Был он еще статен, дюж, глаза от работы молодели. Только по седой бороде да больным ногам — старик.
Веселее стало в дом возвращаться с верфи, с хождения по нужным людям. В спальной горенке малая дочка попискивает, на столе вкусный обед.
Долго светится по ночам окно кабинетика. Иван Петрович работает. Судно судном, это дело важное, но в большом счете может быть и не главное.
Давняя мечта есть, опыты тайные, ночные, при окнах, занавешенных наглухо — только в малую щелку свет наружу пробивается. Три десятилетия, как опыты начаты. И кажется — близок конец, достижение, трудам всей жизни венчание.
Кулибин снимает холщовый чехол с секретной машины. Под чехлом — деревянное колесо. Изнутри к колесу подвешены грузы разного веса. Колесо должно само себя крутить. Надобно только грузы так подобрать, так разместить, чтобы колесо завертелось. И выгоды проистекут неисчислимые.
Колесо без лошадей, без людей, без всякой тяги — единственно своею силою — способно будет возить тяжести хоть по ровному месту, хоть в крутую гору. К судну приделанное — поведет оно судно вверх по течению. На месте поставленное — будет колесо мельничные жернова крутить, воду поднимать, да и всякую другую работу выполнит. Минет надобность в конях, в ветре, в колесах водяных.
Великий подвиг! И близко как будто свершение, а все что-то не так получается. Колесо пока недвижимо. Потребно терпение.
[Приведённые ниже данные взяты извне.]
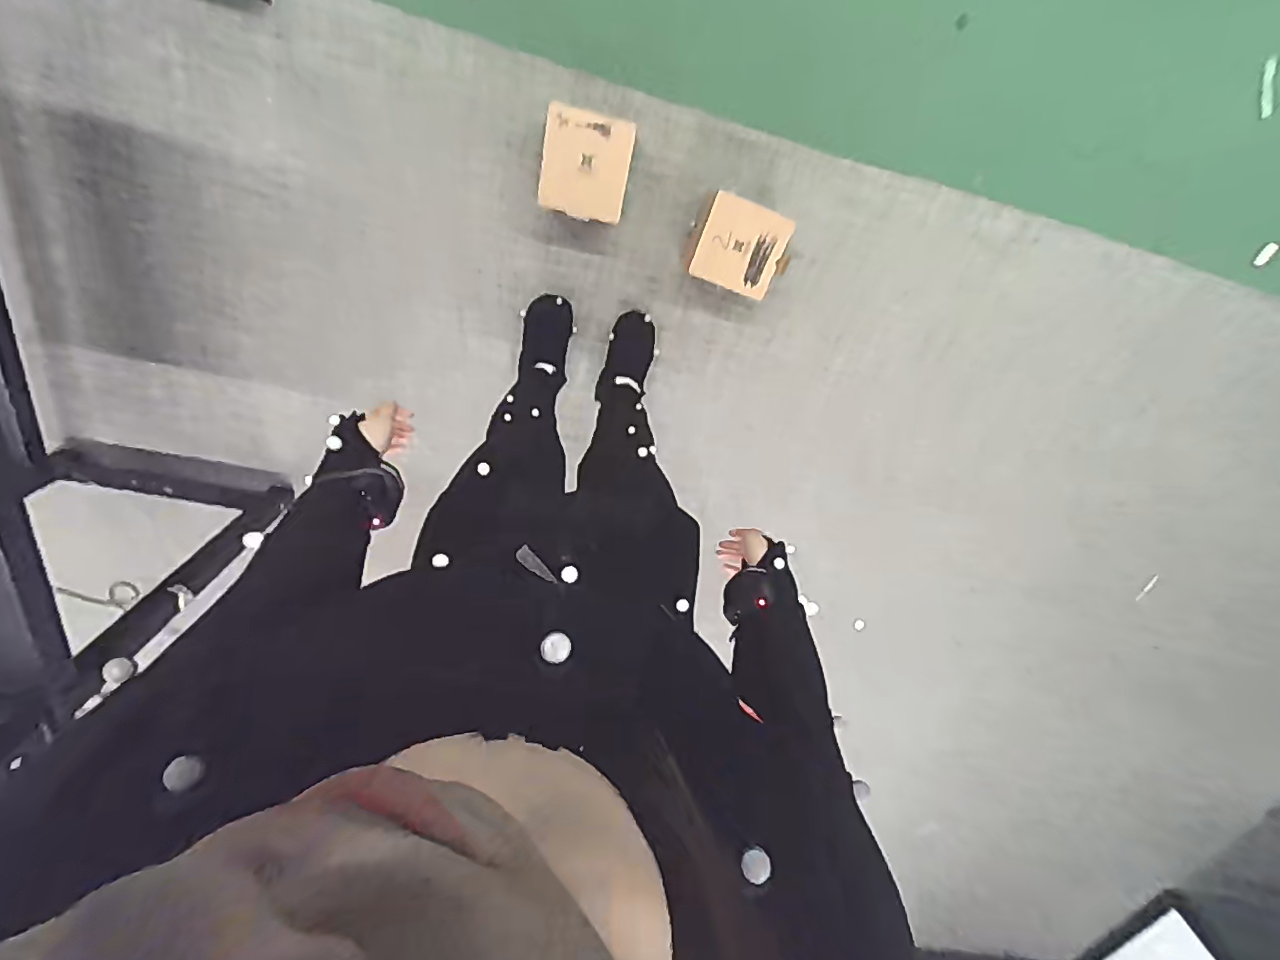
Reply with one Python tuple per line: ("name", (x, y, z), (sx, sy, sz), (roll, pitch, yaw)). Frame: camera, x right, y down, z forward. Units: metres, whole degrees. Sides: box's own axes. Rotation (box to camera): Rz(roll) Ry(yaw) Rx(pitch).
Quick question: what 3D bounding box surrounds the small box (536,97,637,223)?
("small box", (-0.102, -0.629, 1.076), (0.168, 0.176, 0.179), (11, 118, -7))
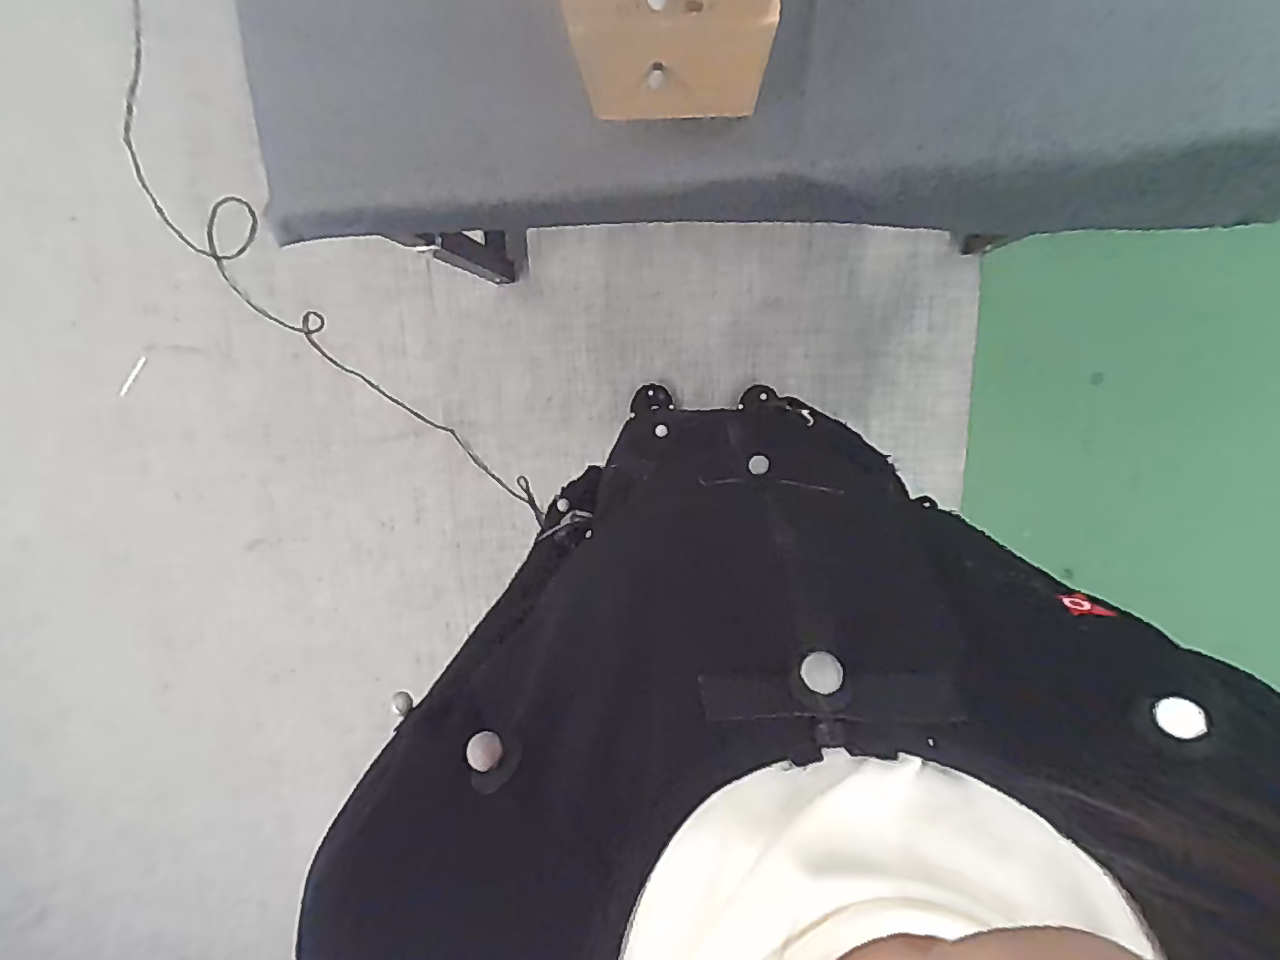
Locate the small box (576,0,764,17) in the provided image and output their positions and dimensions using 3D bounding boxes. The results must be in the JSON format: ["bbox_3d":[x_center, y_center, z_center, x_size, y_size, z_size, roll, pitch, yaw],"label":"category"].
[{"bbox_3d":[0.018,-0.450,0.346,0.168,0.176,0.179,2,102,4],"label":"small box"}]

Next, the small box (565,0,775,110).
[{"bbox_3d":[0.033,-0.476,0.508,0.179,0.176,0.168,2,102,4],"label":"small box"}]
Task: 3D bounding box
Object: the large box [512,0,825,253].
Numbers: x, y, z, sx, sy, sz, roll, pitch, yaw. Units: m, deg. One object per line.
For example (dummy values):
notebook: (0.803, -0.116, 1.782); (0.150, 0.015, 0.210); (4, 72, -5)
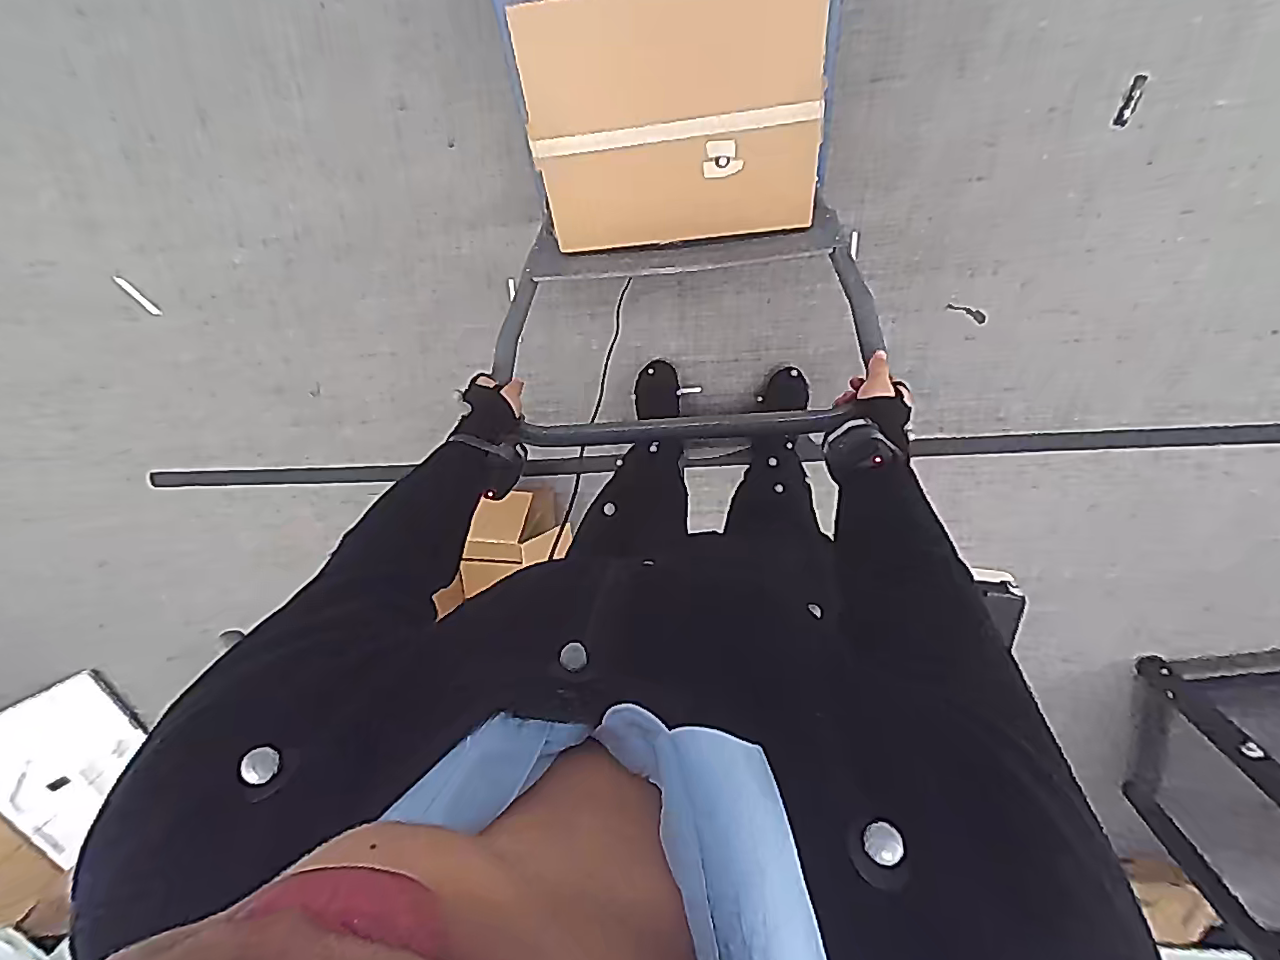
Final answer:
large box: (0.054, -0.604, 0.877); (0.408, 0.320, 0.320); (-4, 135, 7)
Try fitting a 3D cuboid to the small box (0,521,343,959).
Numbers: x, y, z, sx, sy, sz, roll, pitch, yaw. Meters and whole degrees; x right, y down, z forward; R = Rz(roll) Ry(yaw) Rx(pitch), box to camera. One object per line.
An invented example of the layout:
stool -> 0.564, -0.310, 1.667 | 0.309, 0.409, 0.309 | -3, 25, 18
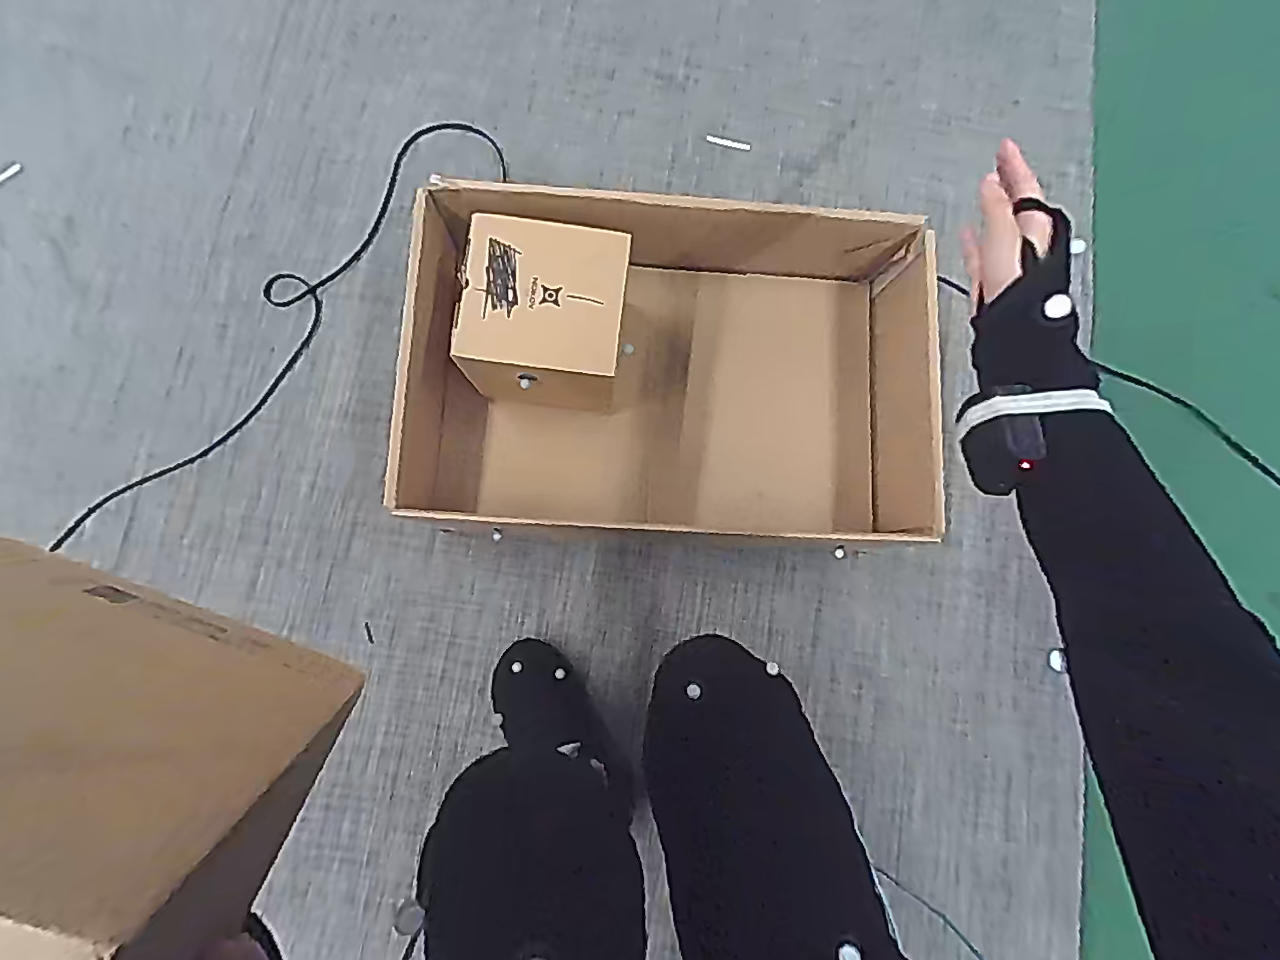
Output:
small box -> -0.217, 0.122, 0.148 | 0.168, 0.176, 0.179 | 27, 81, -10
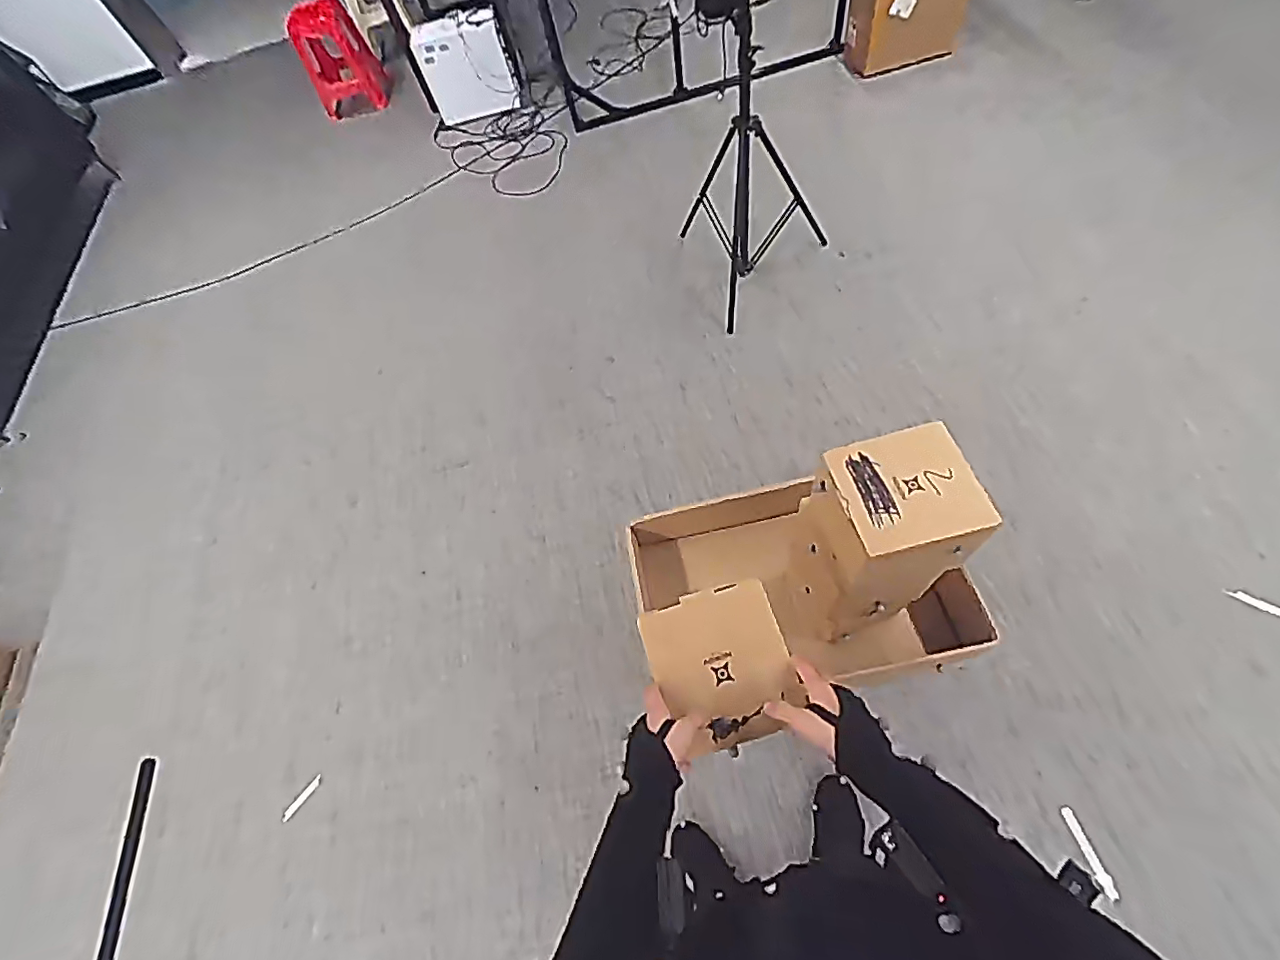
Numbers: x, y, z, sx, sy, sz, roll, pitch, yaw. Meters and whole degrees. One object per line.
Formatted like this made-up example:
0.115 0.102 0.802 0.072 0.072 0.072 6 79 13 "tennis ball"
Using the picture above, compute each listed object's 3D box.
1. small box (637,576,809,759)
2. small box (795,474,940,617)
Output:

Все хитрее размещает Кулибин грузы, все хитрее придумывает устройства, чтобы те грузы сдвинули колесо и навечно его завертели.
Давно уж хранит Иван Петрович в секрете сей важный опыт. Сперва, в Петербурге, тайны не было. Однако господа академики улыбками, смехом донимали. Мечту считали вовсе несбыточной. Впрочем, не все. Иные поощряли механика в изыскании самодвижимой машины[9].
Что смотреть на усмешки! Разве не ждали многие обрушения модели моста? Разве предвидели ученые мужи, что свет единой свечи может в тысячу раз быть усилен, как то свершил Кулибин в зеркальном своем фонаре?
А великие открытия прежних веков! Кто почел бы возможной силу огнестрельного пороха прежде его изготовления? За невозможное были сочтены и опыты летания по воздуху. Однако в Монгольфьеровых шарах ныне поднимаются воздушные путешественники, и стало то привычным.
Подобно сему неверие в самодвижимую машину есть лишь неверие в силу разума. И только.
Тогда опыты стали тайными, ночными, чтобы не умерялось душевное горение недобрыми словами да глупым смехом.
Однако грузы и до сей поры не ложились как надо, и колесо оставалось недвижимым.
Меж тем расшива с большими колесами у бортов и тяжелым валом поперек судна достраивалась.
И был явлен опыт.
Сентября 23 дня 1804 года губернатор господин Руновский в сопровождении правителя канцелярии, многих нижегородских дворян и именитых купцов вступил на расшиву.
Гружено было судно песком — 8500 пудов. И было это испытание чем-то похоже на давнее — в Санкт-Петербурге, во дворе Волкова дома, когда всходили академики на легкий, но не прогнувшийся под тяжким грузом мост, чтобы решить, пригодно ли сооружение механика Кулибина для возведения в натуральную величину моста через реку Неву.
9
Пожалуй, единственным серьезным заблуждением Кулибина за всю его жизнь, единственным напрасным трудом были эти поиски вечного двигателя. Споры ученых о вечном двигателе шли к тому времени уже около двух веков. Только в конце XVIII века большая часть ученых склонилась к мысли, что идея вечного двигателя порочна. Парижская Академия наук перестала принимать к рассмотрению проекты вечных двигателей в 1775 году. Но опыты во многих странах продолжались. Лишь в середине XIX века, через двадцать пять лет после смерти Кулибина, был окончательно признан один из основных законов природы — закон сохранения энергии.